Telstra dropped from Australian broadband network competition

Dec. 15, 2008
DECEMBER 15, 2008 By Stephen Hardy -- The Australian government has informed incumbent Telstra that its bid to participate in an AUS$5 billion National Broadband Network project was rejected for failing to meet the RFP's mandatory parameters.

DECEMBER 15, 2008 By Stephen Hardy -- The Australian government has informed incumbent Telstra that its bid to participate in an AUS$5 billion National Broadband Network (NBN) project was rejected for failing to meet the RFP's mandatory parameters.

The bid was rejected because an independent panel determined that the bid failed to include a provision for meeting the needs of small and medium enterprises.

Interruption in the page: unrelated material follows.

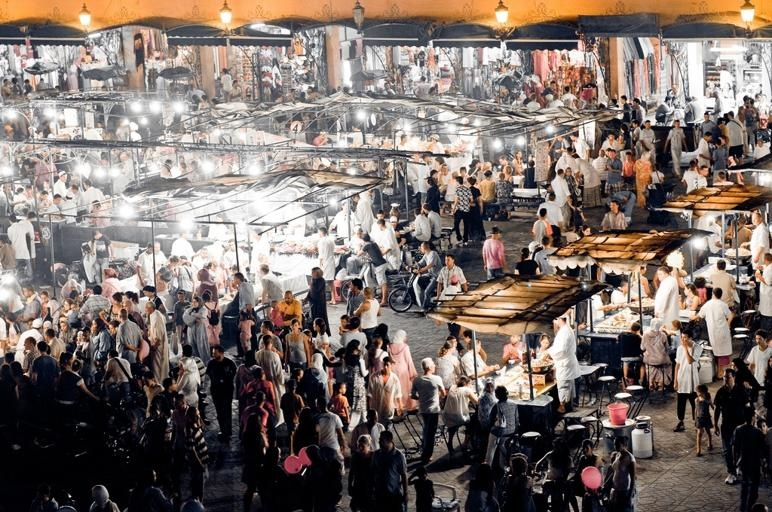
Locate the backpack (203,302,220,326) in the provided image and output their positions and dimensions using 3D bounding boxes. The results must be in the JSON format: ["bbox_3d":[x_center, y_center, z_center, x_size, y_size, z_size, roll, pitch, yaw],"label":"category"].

Not surprisingly, Telstra wasn't pleased. "The Commonwealth could hardly have dreamed up a more trivial reason to exclude Telstra from the NBN. This is a process that seemingly excludes bidders on such trivial and legally questionable technicalities but doesn't take any action on material issues such as financing and having the technical capability to build the network," said Telstra's chairman, Donald McGauchie, in a press statement. "What is even stranger is that the Minister has ample powers to accept Telstra's SME Plan under the RFP and have his Expert Panel get on with a process that includes Telstra."

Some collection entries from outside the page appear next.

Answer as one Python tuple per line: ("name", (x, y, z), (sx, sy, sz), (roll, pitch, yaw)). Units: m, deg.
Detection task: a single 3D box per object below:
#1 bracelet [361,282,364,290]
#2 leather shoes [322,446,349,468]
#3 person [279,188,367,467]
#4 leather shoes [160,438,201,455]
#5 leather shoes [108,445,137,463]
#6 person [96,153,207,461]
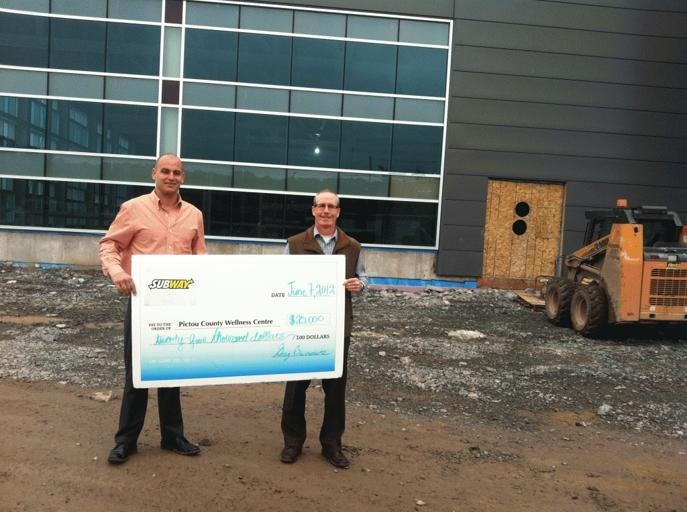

Telstra's potential participation had been a subject of controversy from the start. In particular, the carrier bristled at suggestions that it would have to employ functional separation on the network. As the result of this and other disagreements, Telstra's response to the RFP was only 13 pages long and not a full bid, according to press reports.

Remaining bidders included Singtel Optus, Acacia, Axia of Canada, the Tasmanian government, and TransAct, a utility group based in Canberra.

Telstra said its bid did comply with the RFP and it is the bidder best positioned to create such a network. "This is the largest, most complex NBN build anywhere in the world," the carrier concluded in the press statement. "Australia now risks being the only country ever to build an NBN without the existing fixed network owner in the most difficult financial climate in decades."